Screaming and 12 year olds just go together like chocolate and peanut butter, I suppose.


----------



## Foxi4 (Dec 13, 2014)

This is why we can't have nice things and why social networking is cancer.


----------



## Gahars (Dec 13, 2014)

http://www.reddit.com/r/KotakuInAct...nos_tried_to_bribe_jennifer_daww_into/cmtj915

But remember, there's no problems with corruption in games journalism. It's just a smoke screen for mysogyny.


----------



## war2thegrave (Dec 13, 2014)

I can't copy/paste from psvita browser, but a small contingent of SJW have decided to break away from the main group and go after the "problematic" language used within the metal community.

So far, there is heavy resistance, but battle lines may be redrawn once the breakaway SJW group has decided on token female figureheads to recieve the fake rape/death threats which will be sure to mobilize the beta orbiters to save the damsels.

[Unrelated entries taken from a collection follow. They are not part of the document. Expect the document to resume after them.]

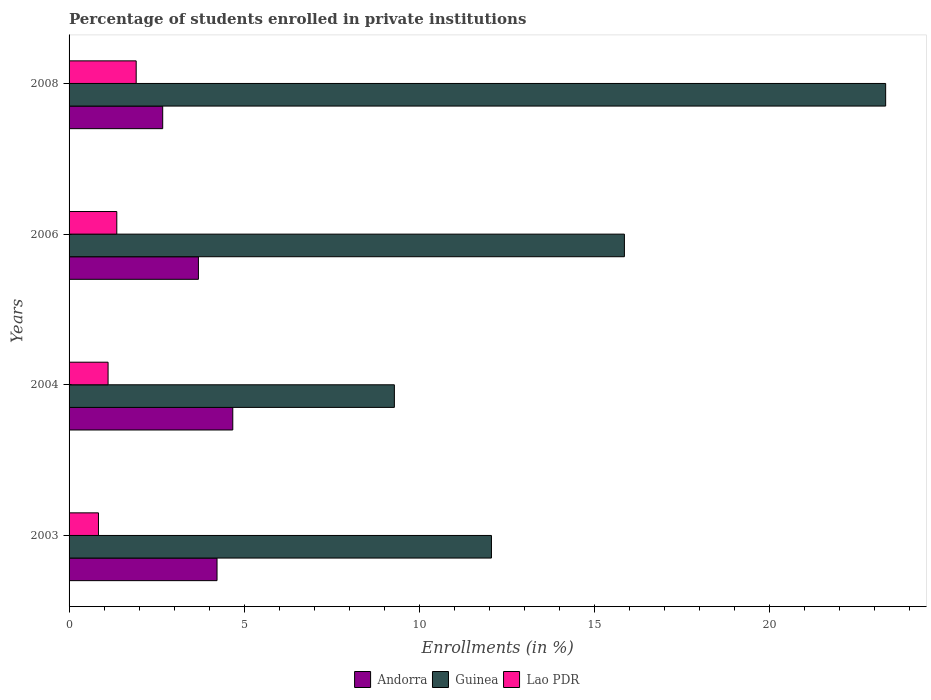Are the number of bars per tick equal to the number of legend labels?
Offer a very short reply. Yes. Are the number of bars on each tick of the Y-axis equal?
Provide a succinct answer. Yes. How many bars are there on the 1st tick from the bottom?
Ensure brevity in your answer.  3. What is the label of the 2nd group of bars from the top?
Your answer should be very brief. 2006. What is the percentage of trained teachers in Andorra in 2006?
Keep it short and to the point. 3.7. Across all years, what is the maximum percentage of trained teachers in Guinea?
Your answer should be compact. 23.33. Across all years, what is the minimum percentage of trained teachers in Lao PDR?
Keep it short and to the point. 0.84. In which year was the percentage of trained teachers in Lao PDR maximum?
Offer a terse response. 2008. What is the total percentage of trained teachers in Andorra in the graph?
Offer a very short reply. 15.27. What is the difference between the percentage of trained teachers in Guinea in 2003 and that in 2008?
Ensure brevity in your answer.  -11.26. What is the difference between the percentage of trained teachers in Andorra in 2008 and the percentage of trained teachers in Lao PDR in 2003?
Your answer should be very brief. 1.83. What is the average percentage of trained teachers in Andorra per year?
Your answer should be very brief. 3.82. In the year 2008, what is the difference between the percentage of trained teachers in Andorra and percentage of trained teachers in Lao PDR?
Your answer should be very brief. 0.76. What is the ratio of the percentage of trained teachers in Guinea in 2004 to that in 2006?
Provide a short and direct response. 0.59. Is the percentage of trained teachers in Andorra in 2004 less than that in 2006?
Offer a terse response. No. Is the difference between the percentage of trained teachers in Andorra in 2003 and 2004 greater than the difference between the percentage of trained teachers in Lao PDR in 2003 and 2004?
Give a very brief answer. No. What is the difference between the highest and the second highest percentage of trained teachers in Andorra?
Ensure brevity in your answer.  0.45. What is the difference between the highest and the lowest percentage of trained teachers in Guinea?
Provide a short and direct response. 14.03. Is the sum of the percentage of trained teachers in Lao PDR in 2003 and 2008 greater than the maximum percentage of trained teachers in Guinea across all years?
Your answer should be very brief. No. What does the 3rd bar from the top in 2006 represents?
Your answer should be compact. Andorra. What does the 3rd bar from the bottom in 2006 represents?
Ensure brevity in your answer.  Lao PDR. How many bars are there?
Ensure brevity in your answer.  12. How many years are there in the graph?
Offer a terse response. 4. What is the difference between two consecutive major ticks on the X-axis?
Provide a short and direct response. 5. Are the values on the major ticks of X-axis written in scientific E-notation?
Your answer should be compact. No. Does the graph contain any zero values?
Offer a very short reply. No. How many legend labels are there?
Your response must be concise. 3. How are the legend labels stacked?
Keep it short and to the point. Horizontal. What is the title of the graph?
Your answer should be very brief. Percentage of students enrolled in private institutions. Does "Ecuador" appear as one of the legend labels in the graph?
Your response must be concise. No. What is the label or title of the X-axis?
Offer a terse response. Enrollments (in %). What is the label or title of the Y-axis?
Make the answer very short. Years. What is the Enrollments (in %) of Andorra in 2003?
Offer a terse response. 4.23. What is the Enrollments (in %) of Guinea in 2003?
Your response must be concise. 12.07. What is the Enrollments (in %) in Lao PDR in 2003?
Offer a terse response. 0.84. What is the Enrollments (in %) in Andorra in 2004?
Your answer should be compact. 4.68. What is the Enrollments (in %) of Guinea in 2004?
Offer a very short reply. 9.29. What is the Enrollments (in %) of Lao PDR in 2004?
Your answer should be compact. 1.11. What is the Enrollments (in %) of Andorra in 2006?
Your answer should be very brief. 3.7. What is the Enrollments (in %) in Guinea in 2006?
Make the answer very short. 15.86. What is the Enrollments (in %) of Lao PDR in 2006?
Offer a very short reply. 1.36. What is the Enrollments (in %) in Andorra in 2008?
Make the answer very short. 2.67. What is the Enrollments (in %) of Guinea in 2008?
Offer a very short reply. 23.33. What is the Enrollments (in %) of Lao PDR in 2008?
Provide a succinct answer. 1.92. Across all years, what is the maximum Enrollments (in %) in Andorra?
Make the answer very short. 4.68. Across all years, what is the maximum Enrollments (in %) in Guinea?
Offer a terse response. 23.33. Across all years, what is the maximum Enrollments (in %) in Lao PDR?
Your answer should be very brief. 1.92. Across all years, what is the minimum Enrollments (in %) of Andorra?
Your response must be concise. 2.67. Across all years, what is the minimum Enrollments (in %) of Guinea?
Offer a very short reply. 9.29. Across all years, what is the minimum Enrollments (in %) of Lao PDR?
Offer a terse response. 0.84. What is the total Enrollments (in %) of Andorra in the graph?
Your answer should be compact. 15.27. What is the total Enrollments (in %) of Guinea in the graph?
Keep it short and to the point. 60.55. What is the total Enrollments (in %) in Lao PDR in the graph?
Make the answer very short. 5.23. What is the difference between the Enrollments (in %) of Andorra in 2003 and that in 2004?
Offer a very short reply. -0.45. What is the difference between the Enrollments (in %) of Guinea in 2003 and that in 2004?
Your response must be concise. 2.77. What is the difference between the Enrollments (in %) in Lao PDR in 2003 and that in 2004?
Keep it short and to the point. -0.27. What is the difference between the Enrollments (in %) in Andorra in 2003 and that in 2006?
Your answer should be very brief. 0.53. What is the difference between the Enrollments (in %) of Guinea in 2003 and that in 2006?
Ensure brevity in your answer.  -3.8. What is the difference between the Enrollments (in %) in Lao PDR in 2003 and that in 2006?
Offer a terse response. -0.52. What is the difference between the Enrollments (in %) in Andorra in 2003 and that in 2008?
Your answer should be very brief. 1.55. What is the difference between the Enrollments (in %) in Guinea in 2003 and that in 2008?
Give a very brief answer. -11.26. What is the difference between the Enrollments (in %) of Lao PDR in 2003 and that in 2008?
Give a very brief answer. -1.08. What is the difference between the Enrollments (in %) in Andorra in 2004 and that in 2006?
Keep it short and to the point. 0.98. What is the difference between the Enrollments (in %) in Guinea in 2004 and that in 2006?
Provide a succinct answer. -6.57. What is the difference between the Enrollments (in %) of Lao PDR in 2004 and that in 2006?
Give a very brief answer. -0.25. What is the difference between the Enrollments (in %) in Andorra in 2004 and that in 2008?
Keep it short and to the point. 2. What is the difference between the Enrollments (in %) of Guinea in 2004 and that in 2008?
Offer a very short reply. -14.03. What is the difference between the Enrollments (in %) in Lao PDR in 2004 and that in 2008?
Give a very brief answer. -0.8. What is the difference between the Enrollments (in %) of Andorra in 2006 and that in 2008?
Your response must be concise. 1.02. What is the difference between the Enrollments (in %) in Guinea in 2006 and that in 2008?
Offer a terse response. -7.46. What is the difference between the Enrollments (in %) in Lao PDR in 2006 and that in 2008?
Your answer should be compact. -0.55. What is the difference between the Enrollments (in %) in Andorra in 2003 and the Enrollments (in %) in Guinea in 2004?
Offer a very short reply. -5.07. What is the difference between the Enrollments (in %) of Andorra in 2003 and the Enrollments (in %) of Lao PDR in 2004?
Your answer should be compact. 3.11. What is the difference between the Enrollments (in %) in Guinea in 2003 and the Enrollments (in %) in Lao PDR in 2004?
Provide a short and direct response. 10.95. What is the difference between the Enrollments (in %) in Andorra in 2003 and the Enrollments (in %) in Guinea in 2006?
Give a very brief answer. -11.64. What is the difference between the Enrollments (in %) of Andorra in 2003 and the Enrollments (in %) of Lao PDR in 2006?
Your answer should be compact. 2.86. What is the difference between the Enrollments (in %) of Guinea in 2003 and the Enrollments (in %) of Lao PDR in 2006?
Your response must be concise. 10.7. What is the difference between the Enrollments (in %) in Andorra in 2003 and the Enrollments (in %) in Guinea in 2008?
Give a very brief answer. -19.1. What is the difference between the Enrollments (in %) in Andorra in 2003 and the Enrollments (in %) in Lao PDR in 2008?
Your answer should be compact. 2.31. What is the difference between the Enrollments (in %) in Guinea in 2003 and the Enrollments (in %) in Lao PDR in 2008?
Provide a succinct answer. 10.15. What is the difference between the Enrollments (in %) of Andorra in 2004 and the Enrollments (in %) of Guinea in 2006?
Your response must be concise. -11.19. What is the difference between the Enrollments (in %) of Andorra in 2004 and the Enrollments (in %) of Lao PDR in 2006?
Your answer should be very brief. 3.31. What is the difference between the Enrollments (in %) in Guinea in 2004 and the Enrollments (in %) in Lao PDR in 2006?
Give a very brief answer. 7.93. What is the difference between the Enrollments (in %) of Andorra in 2004 and the Enrollments (in %) of Guinea in 2008?
Your response must be concise. -18.65. What is the difference between the Enrollments (in %) of Andorra in 2004 and the Enrollments (in %) of Lao PDR in 2008?
Your answer should be compact. 2.76. What is the difference between the Enrollments (in %) of Guinea in 2004 and the Enrollments (in %) of Lao PDR in 2008?
Give a very brief answer. 7.38. What is the difference between the Enrollments (in %) of Andorra in 2006 and the Enrollments (in %) of Guinea in 2008?
Offer a very short reply. -19.63. What is the difference between the Enrollments (in %) of Andorra in 2006 and the Enrollments (in %) of Lao PDR in 2008?
Provide a short and direct response. 1.78. What is the difference between the Enrollments (in %) of Guinea in 2006 and the Enrollments (in %) of Lao PDR in 2008?
Offer a very short reply. 13.95. What is the average Enrollments (in %) in Andorra per year?
Make the answer very short. 3.82. What is the average Enrollments (in %) in Guinea per year?
Offer a very short reply. 15.14. What is the average Enrollments (in %) of Lao PDR per year?
Offer a terse response. 1.31. In the year 2003, what is the difference between the Enrollments (in %) in Andorra and Enrollments (in %) in Guinea?
Offer a terse response. -7.84. In the year 2003, what is the difference between the Enrollments (in %) of Andorra and Enrollments (in %) of Lao PDR?
Offer a terse response. 3.39. In the year 2003, what is the difference between the Enrollments (in %) in Guinea and Enrollments (in %) in Lao PDR?
Give a very brief answer. 11.23. In the year 2004, what is the difference between the Enrollments (in %) of Andorra and Enrollments (in %) of Guinea?
Make the answer very short. -4.62. In the year 2004, what is the difference between the Enrollments (in %) in Andorra and Enrollments (in %) in Lao PDR?
Keep it short and to the point. 3.56. In the year 2004, what is the difference between the Enrollments (in %) in Guinea and Enrollments (in %) in Lao PDR?
Your answer should be very brief. 8.18. In the year 2006, what is the difference between the Enrollments (in %) of Andorra and Enrollments (in %) of Guinea?
Provide a succinct answer. -12.17. In the year 2006, what is the difference between the Enrollments (in %) of Andorra and Enrollments (in %) of Lao PDR?
Keep it short and to the point. 2.33. In the year 2006, what is the difference between the Enrollments (in %) of Guinea and Enrollments (in %) of Lao PDR?
Provide a succinct answer. 14.5. In the year 2008, what is the difference between the Enrollments (in %) in Andorra and Enrollments (in %) in Guinea?
Your answer should be compact. -20.65. In the year 2008, what is the difference between the Enrollments (in %) in Andorra and Enrollments (in %) in Lao PDR?
Your response must be concise. 0.76. In the year 2008, what is the difference between the Enrollments (in %) of Guinea and Enrollments (in %) of Lao PDR?
Provide a succinct answer. 21.41. What is the ratio of the Enrollments (in %) of Andorra in 2003 to that in 2004?
Provide a short and direct response. 0.9. What is the ratio of the Enrollments (in %) in Guinea in 2003 to that in 2004?
Provide a succinct answer. 1.3. What is the ratio of the Enrollments (in %) of Lao PDR in 2003 to that in 2004?
Your answer should be very brief. 0.75. What is the ratio of the Enrollments (in %) in Andorra in 2003 to that in 2006?
Provide a succinct answer. 1.14. What is the ratio of the Enrollments (in %) of Guinea in 2003 to that in 2006?
Make the answer very short. 0.76. What is the ratio of the Enrollments (in %) of Lao PDR in 2003 to that in 2006?
Your answer should be very brief. 0.62. What is the ratio of the Enrollments (in %) in Andorra in 2003 to that in 2008?
Ensure brevity in your answer.  1.58. What is the ratio of the Enrollments (in %) of Guinea in 2003 to that in 2008?
Offer a very short reply. 0.52. What is the ratio of the Enrollments (in %) in Lao PDR in 2003 to that in 2008?
Your answer should be very brief. 0.44. What is the ratio of the Enrollments (in %) of Andorra in 2004 to that in 2006?
Ensure brevity in your answer.  1.27. What is the ratio of the Enrollments (in %) of Guinea in 2004 to that in 2006?
Provide a succinct answer. 0.59. What is the ratio of the Enrollments (in %) in Lao PDR in 2004 to that in 2006?
Offer a terse response. 0.82. What is the ratio of the Enrollments (in %) in Andorra in 2004 to that in 2008?
Ensure brevity in your answer.  1.75. What is the ratio of the Enrollments (in %) in Guinea in 2004 to that in 2008?
Your response must be concise. 0.4. What is the ratio of the Enrollments (in %) of Lao PDR in 2004 to that in 2008?
Make the answer very short. 0.58. What is the ratio of the Enrollments (in %) of Andorra in 2006 to that in 2008?
Your answer should be compact. 1.38. What is the ratio of the Enrollments (in %) in Guinea in 2006 to that in 2008?
Make the answer very short. 0.68. What is the ratio of the Enrollments (in %) of Lao PDR in 2006 to that in 2008?
Your response must be concise. 0.71. What is the difference between the highest and the second highest Enrollments (in %) of Andorra?
Ensure brevity in your answer.  0.45. What is the difference between the highest and the second highest Enrollments (in %) in Guinea?
Ensure brevity in your answer.  7.46. What is the difference between the highest and the second highest Enrollments (in %) in Lao PDR?
Offer a terse response. 0.55. What is the difference between the highest and the lowest Enrollments (in %) of Andorra?
Ensure brevity in your answer.  2. What is the difference between the highest and the lowest Enrollments (in %) in Guinea?
Make the answer very short. 14.03. What is the difference between the highest and the lowest Enrollments (in %) of Lao PDR?
Offer a terse response. 1.08.

May the SJW drown in a sea of the metal communites apathy.


----------



## FAST6191 (Dec 13, 2014)

war2thegrave said:


> I can't copy/paste from psvita browser, but a small contingent of SJW have decided to break away from the main group and go after the "problematic" language used within the metal community.
> 
> So far, there is heavy resistance, but battle lines may be redrawn once the breakaway SJW group has decided on token female figureheads to recieve the fake rape/death threats which will be sure to mobilize the beta orbiters to save the damsels.
> 
> May the SJW drown in a sea of the metal communites apathy.



So having racked my brains I came up with nothing that I know of from metal but I am tangentially involved in most things so I thought I would look up slang terms, nothing again.

The best I have got is headbanging might be offensive to those that have seizures of the grand mal persuasion.

Edit.
Maybe long hair is gender appropriation?


----------



## Veho (Dec 14, 2014)

It's this, I think: 

http://www.academia.edu/6553886/Ext..._Metal_and_Grindcore_by_Sarah_Kitteringham_MA


----------



## FAST6191 (Dec 14, 2014)

Is every social studies or similar topic thesis/final year project required to be, or at least feature, "autobiography of a 20 something that has not done anything yet"?

Likewise I was always taught first person is to academic writing what goto is to programming, I guess I was lied to.

"Although the fields of psychology and musicology have yielded fascinating data on the metal scene, I will only analyze research from the fields of sociology and cultural studies, as they overlap both methodologically and theoretically with communication studies, the field which this thesis is being conducted in."
I think that probably says most things this thread and its sister thread need to know.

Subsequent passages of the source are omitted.